Trump faces new inflation warning from bond markets

Trump faces new inflation warning from bond markets

WASHINGTON

The world is getting more uptight about lending money to President Donald Trump’s government — causing interest rates to climb in ways that are worsening affordability pressures, hampering economic growth and creating a new risk for Republicans in November’s midterm elections.


The energy price spike triggered by the Iran war has seeped into the price of bonds that help fund the U.S. government. Interest rates on a 10-year U.S. Treasury note are topping 4.44 percent up from 3.95 percent before the war started at the end of February. Average mortgage rates have climbed to their highest levels in nine months, while auto sales are slumping.


The challenge is global in scale, as interest rates have risen for multiple countries as the world has been adjusting to the prospect of higher inflation, mounting questions about the sustainability of government debt and a dramatic surge in investment in artificial intelligence.


Trump has tried to assure Americans that he has a plan to trim the roughly $1.8 trillion annual budget deficit. In the past, he has pointed to revenue from tariffs, payments from foreigners for his “Gold Card” visa, spending cuts made by the Department of Government Efficiency, and faster economic growth. Last week, he said the fraud task force led by Vice President JD Vance would be the key to unlocking massive savings.


“If he does really great, we’ll have a balanced budget without having to do anything,” Trump said.


Economists say Trump’s strategies to meaningfully curb the deficit are unlikely to deliver the promised results.


The cost of servicing the national debt has tripled since 2021 to more than $1 trillion annually, said Jessica Riedl, a budget and tax fellow at the Brookings Institution.
“President Trump signed a tax cut bill that will likely add $5 trillion to 10-year deficits — and tariffs are offsetting only a small fraction of those costs,” she said. “Budget deficits are still projected to soar past $4 trillion annually within a decade under current policies.”


Deficits are expected to grow over the next decade as the costs of Social Security and Medicare outstrip tax revenues.


The 10-year U.S. Treasury rate climbed as high as 4.67 percent in the middle of May and has since eased as negotiations over the Iran ceasefire continued — just as rates initially climbed in 2025 because of Trump’s “Liberation Day” tariffs and then began to decline once Trump backed off the most extreme increases.

When Kent Smetters, faculty director of the Penn Wharton Budget Model, broke down the math tied to rising 30-year Treasury yields, he estimated that 60 percent of the increase had come from the expectation that America will continue its outsized borrowing and the other 40 percent was tied to the inflation driven by the Iran war and Trump’s tariffs.
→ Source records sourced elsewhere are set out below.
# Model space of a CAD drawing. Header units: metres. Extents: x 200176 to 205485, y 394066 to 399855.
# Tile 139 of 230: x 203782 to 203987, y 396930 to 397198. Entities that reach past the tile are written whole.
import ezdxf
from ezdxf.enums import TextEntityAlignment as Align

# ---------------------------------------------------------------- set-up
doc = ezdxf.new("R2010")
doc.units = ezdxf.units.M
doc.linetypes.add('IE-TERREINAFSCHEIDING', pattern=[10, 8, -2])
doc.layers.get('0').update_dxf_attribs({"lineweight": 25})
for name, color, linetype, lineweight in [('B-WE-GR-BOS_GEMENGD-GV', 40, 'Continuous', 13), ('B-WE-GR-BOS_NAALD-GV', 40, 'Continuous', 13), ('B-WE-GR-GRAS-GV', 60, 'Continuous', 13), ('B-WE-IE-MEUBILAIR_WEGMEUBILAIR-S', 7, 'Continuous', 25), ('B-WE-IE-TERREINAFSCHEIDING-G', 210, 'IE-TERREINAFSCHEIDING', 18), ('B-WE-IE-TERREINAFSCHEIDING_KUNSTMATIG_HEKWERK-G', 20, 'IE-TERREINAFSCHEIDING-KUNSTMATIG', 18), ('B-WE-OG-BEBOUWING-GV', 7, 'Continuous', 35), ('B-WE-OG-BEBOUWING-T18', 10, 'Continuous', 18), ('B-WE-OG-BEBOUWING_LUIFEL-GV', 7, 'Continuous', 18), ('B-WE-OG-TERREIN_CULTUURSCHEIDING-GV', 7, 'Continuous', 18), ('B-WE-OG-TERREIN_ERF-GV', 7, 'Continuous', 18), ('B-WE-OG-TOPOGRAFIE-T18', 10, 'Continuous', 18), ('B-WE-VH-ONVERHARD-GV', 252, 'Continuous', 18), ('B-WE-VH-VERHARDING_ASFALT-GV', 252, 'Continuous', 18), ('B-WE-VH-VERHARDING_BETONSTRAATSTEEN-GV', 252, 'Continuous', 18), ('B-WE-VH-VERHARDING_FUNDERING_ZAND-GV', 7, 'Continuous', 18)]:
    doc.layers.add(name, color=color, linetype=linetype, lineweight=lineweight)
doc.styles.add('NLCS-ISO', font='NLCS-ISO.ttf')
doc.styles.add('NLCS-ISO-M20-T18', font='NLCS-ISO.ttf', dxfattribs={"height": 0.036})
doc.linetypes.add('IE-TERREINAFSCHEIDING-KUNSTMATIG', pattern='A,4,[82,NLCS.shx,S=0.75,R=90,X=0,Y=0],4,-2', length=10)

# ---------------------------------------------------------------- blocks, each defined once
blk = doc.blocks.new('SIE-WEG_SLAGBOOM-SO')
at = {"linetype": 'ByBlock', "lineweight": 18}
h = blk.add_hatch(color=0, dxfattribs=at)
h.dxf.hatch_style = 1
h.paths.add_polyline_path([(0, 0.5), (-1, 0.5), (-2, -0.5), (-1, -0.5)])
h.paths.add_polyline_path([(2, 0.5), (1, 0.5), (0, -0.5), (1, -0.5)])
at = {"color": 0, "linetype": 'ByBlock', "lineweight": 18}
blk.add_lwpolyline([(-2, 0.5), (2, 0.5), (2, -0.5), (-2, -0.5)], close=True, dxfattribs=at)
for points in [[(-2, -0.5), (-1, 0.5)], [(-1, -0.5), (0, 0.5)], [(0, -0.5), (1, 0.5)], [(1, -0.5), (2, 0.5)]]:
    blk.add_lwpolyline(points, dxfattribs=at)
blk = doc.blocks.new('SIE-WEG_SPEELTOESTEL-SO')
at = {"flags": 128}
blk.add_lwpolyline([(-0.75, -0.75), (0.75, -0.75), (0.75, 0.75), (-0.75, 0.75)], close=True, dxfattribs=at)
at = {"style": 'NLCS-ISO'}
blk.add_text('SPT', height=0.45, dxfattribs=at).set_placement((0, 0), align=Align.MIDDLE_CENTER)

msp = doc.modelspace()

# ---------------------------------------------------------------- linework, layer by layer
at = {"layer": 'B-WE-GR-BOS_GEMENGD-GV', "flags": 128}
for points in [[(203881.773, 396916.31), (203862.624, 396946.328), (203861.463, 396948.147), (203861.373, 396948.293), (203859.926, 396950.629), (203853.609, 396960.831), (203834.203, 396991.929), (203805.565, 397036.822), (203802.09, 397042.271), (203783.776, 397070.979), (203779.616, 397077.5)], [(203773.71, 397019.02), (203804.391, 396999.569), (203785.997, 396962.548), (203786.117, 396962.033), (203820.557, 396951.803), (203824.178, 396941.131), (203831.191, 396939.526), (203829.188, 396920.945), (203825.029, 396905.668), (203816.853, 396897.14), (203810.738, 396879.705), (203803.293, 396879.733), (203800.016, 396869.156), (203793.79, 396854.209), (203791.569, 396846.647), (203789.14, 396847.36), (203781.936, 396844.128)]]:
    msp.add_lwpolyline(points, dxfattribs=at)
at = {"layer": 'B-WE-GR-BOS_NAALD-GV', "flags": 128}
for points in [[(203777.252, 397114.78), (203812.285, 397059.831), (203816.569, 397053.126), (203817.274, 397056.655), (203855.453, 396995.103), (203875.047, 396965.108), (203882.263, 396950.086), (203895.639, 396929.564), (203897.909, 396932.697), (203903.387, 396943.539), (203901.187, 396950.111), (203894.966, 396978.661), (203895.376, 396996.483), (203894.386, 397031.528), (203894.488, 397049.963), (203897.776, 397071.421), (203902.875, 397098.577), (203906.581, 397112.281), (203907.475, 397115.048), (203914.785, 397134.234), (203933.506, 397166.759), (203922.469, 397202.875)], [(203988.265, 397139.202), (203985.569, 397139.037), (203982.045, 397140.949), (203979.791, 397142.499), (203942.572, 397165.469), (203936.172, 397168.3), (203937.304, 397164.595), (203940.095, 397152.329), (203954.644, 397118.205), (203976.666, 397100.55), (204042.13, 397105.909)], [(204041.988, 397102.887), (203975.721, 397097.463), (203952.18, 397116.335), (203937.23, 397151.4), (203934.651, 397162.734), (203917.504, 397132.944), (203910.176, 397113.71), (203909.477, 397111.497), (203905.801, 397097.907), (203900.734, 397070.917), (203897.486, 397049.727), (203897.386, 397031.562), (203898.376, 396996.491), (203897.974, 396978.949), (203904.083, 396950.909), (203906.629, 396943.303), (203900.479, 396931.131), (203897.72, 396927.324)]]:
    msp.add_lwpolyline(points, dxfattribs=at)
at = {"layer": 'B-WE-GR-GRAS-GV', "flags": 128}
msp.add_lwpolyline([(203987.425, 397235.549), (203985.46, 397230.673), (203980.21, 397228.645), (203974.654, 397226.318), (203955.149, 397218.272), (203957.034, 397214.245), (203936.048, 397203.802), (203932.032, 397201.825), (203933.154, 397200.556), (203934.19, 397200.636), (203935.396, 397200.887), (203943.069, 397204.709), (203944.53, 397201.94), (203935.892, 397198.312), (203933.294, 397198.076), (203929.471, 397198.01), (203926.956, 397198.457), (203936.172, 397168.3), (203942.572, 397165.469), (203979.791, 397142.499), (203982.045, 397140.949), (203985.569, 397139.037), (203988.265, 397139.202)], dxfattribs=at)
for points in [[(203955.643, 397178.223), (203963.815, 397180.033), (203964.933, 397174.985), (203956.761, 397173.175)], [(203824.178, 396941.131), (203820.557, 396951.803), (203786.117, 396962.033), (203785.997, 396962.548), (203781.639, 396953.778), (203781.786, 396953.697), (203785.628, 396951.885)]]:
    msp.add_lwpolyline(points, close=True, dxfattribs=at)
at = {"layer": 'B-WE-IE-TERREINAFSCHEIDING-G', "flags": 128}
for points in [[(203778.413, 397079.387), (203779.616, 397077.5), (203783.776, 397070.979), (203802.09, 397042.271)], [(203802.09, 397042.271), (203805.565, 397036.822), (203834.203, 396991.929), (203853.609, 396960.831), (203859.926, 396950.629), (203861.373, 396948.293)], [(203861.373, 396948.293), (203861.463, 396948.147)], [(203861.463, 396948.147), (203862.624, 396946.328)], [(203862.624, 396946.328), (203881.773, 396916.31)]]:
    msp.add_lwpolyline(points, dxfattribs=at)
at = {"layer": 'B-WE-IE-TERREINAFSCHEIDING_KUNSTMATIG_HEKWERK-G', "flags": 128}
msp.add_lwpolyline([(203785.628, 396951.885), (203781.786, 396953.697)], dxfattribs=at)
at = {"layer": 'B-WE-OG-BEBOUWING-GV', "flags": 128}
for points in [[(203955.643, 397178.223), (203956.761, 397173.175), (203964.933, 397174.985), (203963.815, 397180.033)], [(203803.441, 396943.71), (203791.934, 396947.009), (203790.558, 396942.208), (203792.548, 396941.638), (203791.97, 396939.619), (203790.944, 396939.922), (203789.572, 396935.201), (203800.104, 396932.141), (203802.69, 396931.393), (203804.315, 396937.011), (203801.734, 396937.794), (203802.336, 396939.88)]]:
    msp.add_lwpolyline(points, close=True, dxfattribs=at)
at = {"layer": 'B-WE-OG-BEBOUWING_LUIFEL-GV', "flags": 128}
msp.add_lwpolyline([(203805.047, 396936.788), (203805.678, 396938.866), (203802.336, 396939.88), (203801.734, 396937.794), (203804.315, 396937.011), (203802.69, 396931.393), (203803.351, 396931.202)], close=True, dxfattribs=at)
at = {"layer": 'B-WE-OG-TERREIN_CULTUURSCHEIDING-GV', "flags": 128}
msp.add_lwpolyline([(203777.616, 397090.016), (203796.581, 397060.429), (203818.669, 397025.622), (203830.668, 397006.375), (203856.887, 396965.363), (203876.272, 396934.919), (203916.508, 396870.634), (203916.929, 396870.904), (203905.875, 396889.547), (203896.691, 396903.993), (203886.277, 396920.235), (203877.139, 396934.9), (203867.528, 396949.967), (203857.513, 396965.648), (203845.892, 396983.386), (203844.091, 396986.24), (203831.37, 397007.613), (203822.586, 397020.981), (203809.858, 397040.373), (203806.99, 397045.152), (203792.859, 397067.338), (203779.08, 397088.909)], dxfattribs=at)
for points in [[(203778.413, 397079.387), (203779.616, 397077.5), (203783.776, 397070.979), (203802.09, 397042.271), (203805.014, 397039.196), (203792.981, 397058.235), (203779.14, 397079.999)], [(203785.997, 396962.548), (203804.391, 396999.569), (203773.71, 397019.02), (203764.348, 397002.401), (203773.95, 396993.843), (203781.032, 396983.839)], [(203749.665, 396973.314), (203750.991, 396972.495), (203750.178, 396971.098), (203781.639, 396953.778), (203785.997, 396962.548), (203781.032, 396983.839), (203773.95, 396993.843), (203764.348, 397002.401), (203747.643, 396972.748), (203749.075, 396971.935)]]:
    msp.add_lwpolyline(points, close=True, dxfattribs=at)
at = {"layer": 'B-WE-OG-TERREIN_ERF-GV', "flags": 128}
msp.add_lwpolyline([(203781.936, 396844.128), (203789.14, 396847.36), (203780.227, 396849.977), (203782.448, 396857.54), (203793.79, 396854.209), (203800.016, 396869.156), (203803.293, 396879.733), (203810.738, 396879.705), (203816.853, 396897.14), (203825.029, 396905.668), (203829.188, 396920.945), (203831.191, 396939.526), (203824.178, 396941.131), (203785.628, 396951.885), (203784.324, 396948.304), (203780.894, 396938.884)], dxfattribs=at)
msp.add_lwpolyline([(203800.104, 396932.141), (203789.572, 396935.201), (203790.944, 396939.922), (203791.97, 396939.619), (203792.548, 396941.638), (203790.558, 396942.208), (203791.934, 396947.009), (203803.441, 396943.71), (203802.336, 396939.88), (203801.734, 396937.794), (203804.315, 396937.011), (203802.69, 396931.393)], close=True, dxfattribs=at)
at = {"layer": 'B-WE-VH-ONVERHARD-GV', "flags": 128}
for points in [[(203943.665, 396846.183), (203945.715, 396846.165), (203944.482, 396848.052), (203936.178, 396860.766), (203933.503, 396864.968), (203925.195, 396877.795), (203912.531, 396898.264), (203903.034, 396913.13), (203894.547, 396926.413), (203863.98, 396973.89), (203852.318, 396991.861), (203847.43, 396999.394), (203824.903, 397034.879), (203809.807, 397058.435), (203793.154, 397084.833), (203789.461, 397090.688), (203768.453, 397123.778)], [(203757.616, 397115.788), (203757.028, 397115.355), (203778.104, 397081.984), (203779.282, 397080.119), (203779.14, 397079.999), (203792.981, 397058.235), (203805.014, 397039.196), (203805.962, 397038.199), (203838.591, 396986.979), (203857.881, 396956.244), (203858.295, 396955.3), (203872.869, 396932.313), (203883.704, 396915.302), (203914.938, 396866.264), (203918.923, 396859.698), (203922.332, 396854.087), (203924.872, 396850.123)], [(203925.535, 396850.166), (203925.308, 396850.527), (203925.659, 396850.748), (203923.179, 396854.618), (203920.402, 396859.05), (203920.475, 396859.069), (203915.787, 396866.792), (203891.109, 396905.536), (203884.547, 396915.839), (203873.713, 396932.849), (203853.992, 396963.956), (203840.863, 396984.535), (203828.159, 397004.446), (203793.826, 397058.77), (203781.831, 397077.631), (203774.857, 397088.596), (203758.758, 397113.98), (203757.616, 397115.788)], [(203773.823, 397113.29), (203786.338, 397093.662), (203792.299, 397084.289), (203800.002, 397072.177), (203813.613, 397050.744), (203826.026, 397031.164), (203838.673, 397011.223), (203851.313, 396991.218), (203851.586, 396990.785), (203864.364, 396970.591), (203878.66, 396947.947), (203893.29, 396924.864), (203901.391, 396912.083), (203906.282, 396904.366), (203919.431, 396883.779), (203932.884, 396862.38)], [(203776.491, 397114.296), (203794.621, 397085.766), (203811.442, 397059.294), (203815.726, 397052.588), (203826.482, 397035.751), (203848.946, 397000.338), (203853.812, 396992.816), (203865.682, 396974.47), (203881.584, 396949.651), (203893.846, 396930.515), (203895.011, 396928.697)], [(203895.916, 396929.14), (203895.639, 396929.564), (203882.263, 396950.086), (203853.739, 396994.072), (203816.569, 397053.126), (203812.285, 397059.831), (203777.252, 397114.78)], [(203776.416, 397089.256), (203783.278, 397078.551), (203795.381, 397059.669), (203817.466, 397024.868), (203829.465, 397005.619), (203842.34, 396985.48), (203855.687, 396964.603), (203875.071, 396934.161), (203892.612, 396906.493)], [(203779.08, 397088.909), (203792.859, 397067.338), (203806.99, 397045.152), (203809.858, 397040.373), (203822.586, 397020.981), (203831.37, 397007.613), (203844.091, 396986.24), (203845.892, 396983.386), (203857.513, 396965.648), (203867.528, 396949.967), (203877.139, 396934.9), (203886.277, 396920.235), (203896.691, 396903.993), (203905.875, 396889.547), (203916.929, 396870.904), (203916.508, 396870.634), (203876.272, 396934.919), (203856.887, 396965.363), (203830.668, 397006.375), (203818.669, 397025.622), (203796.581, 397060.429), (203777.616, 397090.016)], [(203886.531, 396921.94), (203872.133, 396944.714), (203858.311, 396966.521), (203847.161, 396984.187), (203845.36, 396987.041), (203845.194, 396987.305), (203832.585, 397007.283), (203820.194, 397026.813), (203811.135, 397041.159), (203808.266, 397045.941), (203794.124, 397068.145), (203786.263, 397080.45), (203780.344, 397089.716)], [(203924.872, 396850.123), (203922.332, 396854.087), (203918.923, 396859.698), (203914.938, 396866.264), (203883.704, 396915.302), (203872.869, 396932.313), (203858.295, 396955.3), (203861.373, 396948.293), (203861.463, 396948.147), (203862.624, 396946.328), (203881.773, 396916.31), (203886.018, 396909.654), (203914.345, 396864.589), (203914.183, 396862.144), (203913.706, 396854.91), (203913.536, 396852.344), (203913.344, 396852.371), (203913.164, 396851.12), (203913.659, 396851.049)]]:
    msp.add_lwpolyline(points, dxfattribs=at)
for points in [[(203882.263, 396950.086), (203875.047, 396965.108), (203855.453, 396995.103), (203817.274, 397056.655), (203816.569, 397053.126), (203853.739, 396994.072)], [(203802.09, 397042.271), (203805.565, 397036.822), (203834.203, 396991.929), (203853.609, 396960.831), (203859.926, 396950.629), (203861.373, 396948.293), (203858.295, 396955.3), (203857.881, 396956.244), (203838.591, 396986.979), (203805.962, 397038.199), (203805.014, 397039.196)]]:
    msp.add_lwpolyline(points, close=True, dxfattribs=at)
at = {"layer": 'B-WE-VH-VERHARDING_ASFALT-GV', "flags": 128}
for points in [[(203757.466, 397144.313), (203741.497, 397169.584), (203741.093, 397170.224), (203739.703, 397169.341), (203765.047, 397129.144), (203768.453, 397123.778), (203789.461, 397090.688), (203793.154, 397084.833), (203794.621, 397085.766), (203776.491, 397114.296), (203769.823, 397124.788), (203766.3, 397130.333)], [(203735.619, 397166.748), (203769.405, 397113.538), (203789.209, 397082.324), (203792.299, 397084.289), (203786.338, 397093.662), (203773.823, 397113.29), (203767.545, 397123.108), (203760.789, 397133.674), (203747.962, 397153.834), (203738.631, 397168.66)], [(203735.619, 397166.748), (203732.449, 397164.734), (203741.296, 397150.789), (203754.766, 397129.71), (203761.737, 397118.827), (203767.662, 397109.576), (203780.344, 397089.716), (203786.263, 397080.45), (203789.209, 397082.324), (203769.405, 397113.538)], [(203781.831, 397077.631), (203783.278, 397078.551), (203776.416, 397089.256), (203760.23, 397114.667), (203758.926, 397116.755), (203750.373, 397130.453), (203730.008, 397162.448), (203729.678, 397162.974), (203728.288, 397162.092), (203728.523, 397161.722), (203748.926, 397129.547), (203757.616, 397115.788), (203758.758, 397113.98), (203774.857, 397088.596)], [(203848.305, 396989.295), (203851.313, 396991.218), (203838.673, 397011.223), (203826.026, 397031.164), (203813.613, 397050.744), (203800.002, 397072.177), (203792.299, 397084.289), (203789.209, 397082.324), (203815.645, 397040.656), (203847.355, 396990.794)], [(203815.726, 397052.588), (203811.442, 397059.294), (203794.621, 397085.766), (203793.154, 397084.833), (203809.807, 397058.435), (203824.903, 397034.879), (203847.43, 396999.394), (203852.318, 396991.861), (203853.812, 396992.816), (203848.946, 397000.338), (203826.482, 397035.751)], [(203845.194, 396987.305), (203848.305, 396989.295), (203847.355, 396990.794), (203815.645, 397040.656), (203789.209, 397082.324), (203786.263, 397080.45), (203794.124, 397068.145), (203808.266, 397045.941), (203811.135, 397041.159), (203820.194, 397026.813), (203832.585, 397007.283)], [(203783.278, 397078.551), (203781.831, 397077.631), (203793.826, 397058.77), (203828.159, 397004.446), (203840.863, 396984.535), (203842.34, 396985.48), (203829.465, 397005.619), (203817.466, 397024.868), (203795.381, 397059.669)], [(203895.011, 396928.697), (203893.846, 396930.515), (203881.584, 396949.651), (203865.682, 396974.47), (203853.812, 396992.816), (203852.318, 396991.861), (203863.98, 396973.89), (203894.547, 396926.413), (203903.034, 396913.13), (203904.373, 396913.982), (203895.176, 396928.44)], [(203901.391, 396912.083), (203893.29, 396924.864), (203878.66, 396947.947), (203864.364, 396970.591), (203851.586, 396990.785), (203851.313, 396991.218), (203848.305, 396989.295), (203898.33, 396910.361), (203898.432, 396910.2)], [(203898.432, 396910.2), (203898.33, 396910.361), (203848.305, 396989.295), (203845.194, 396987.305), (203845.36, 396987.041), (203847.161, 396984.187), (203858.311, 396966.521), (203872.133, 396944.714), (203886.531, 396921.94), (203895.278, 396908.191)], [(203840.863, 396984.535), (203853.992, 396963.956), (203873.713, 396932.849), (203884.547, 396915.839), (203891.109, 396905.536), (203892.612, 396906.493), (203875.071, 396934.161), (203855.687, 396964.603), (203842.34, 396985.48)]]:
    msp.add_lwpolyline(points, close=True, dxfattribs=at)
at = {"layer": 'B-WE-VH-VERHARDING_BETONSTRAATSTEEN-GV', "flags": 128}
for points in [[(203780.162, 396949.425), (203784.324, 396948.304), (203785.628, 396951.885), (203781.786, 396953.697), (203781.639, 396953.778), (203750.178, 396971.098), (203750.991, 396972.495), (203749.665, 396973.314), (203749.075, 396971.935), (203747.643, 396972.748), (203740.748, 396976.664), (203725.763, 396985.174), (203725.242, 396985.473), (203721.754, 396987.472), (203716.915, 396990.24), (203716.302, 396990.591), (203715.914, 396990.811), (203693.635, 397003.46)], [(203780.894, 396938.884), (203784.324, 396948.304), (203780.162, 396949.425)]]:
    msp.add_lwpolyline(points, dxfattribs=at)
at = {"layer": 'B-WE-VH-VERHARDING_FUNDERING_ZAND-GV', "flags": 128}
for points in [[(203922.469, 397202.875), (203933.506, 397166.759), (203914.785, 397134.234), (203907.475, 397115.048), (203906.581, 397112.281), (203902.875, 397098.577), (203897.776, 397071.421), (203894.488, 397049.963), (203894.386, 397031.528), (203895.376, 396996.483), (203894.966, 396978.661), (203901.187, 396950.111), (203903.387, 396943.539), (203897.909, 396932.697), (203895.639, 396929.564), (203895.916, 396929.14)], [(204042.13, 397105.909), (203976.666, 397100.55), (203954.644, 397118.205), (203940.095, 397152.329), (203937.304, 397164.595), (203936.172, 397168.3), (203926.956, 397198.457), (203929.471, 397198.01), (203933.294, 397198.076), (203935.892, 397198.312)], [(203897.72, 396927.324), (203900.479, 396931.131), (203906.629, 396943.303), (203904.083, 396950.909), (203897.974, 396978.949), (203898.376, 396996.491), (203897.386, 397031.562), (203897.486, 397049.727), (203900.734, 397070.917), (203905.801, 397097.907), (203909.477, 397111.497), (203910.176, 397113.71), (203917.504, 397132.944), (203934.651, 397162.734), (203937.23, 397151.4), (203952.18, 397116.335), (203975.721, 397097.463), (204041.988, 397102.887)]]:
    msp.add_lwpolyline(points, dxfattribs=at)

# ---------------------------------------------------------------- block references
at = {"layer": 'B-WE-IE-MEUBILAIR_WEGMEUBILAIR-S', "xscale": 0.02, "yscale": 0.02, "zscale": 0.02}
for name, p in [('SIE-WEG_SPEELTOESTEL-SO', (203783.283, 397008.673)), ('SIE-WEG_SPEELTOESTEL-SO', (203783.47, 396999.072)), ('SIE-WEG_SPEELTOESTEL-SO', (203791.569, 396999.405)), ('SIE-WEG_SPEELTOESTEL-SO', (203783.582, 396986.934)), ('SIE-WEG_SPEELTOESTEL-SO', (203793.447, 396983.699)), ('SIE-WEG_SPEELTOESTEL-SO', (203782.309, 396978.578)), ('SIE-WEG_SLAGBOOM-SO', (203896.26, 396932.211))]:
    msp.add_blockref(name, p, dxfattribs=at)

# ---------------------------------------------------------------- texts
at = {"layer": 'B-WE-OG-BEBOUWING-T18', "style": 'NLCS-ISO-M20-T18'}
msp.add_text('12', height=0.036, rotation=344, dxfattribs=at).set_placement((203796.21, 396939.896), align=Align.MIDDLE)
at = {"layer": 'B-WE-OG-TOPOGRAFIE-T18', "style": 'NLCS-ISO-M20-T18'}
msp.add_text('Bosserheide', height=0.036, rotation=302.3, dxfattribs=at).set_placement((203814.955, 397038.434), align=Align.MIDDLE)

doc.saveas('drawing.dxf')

Glenn Hubbard, a former chairman of the White House Council of Economic Advisers during the George W. Bush administration, worries that the U.S. may no longer have the same borrowing capacity as before to effectively combat an economic crisis, such as the 2008 crash or the coronavirus pandemic.


“I don’t think we have the space that we had in 2008 or 2020 to deal with it,” said Hubbard, now a professor at Columbia University’s Business School. “Washington doesn’t seem to be full of ideas — good or bad — to solve it.”


Higher interest rates are giving Democratic candidates in the races to determine control of the House and Senate another line of attack at a time when voters are concerned about high costs for food and gasoline.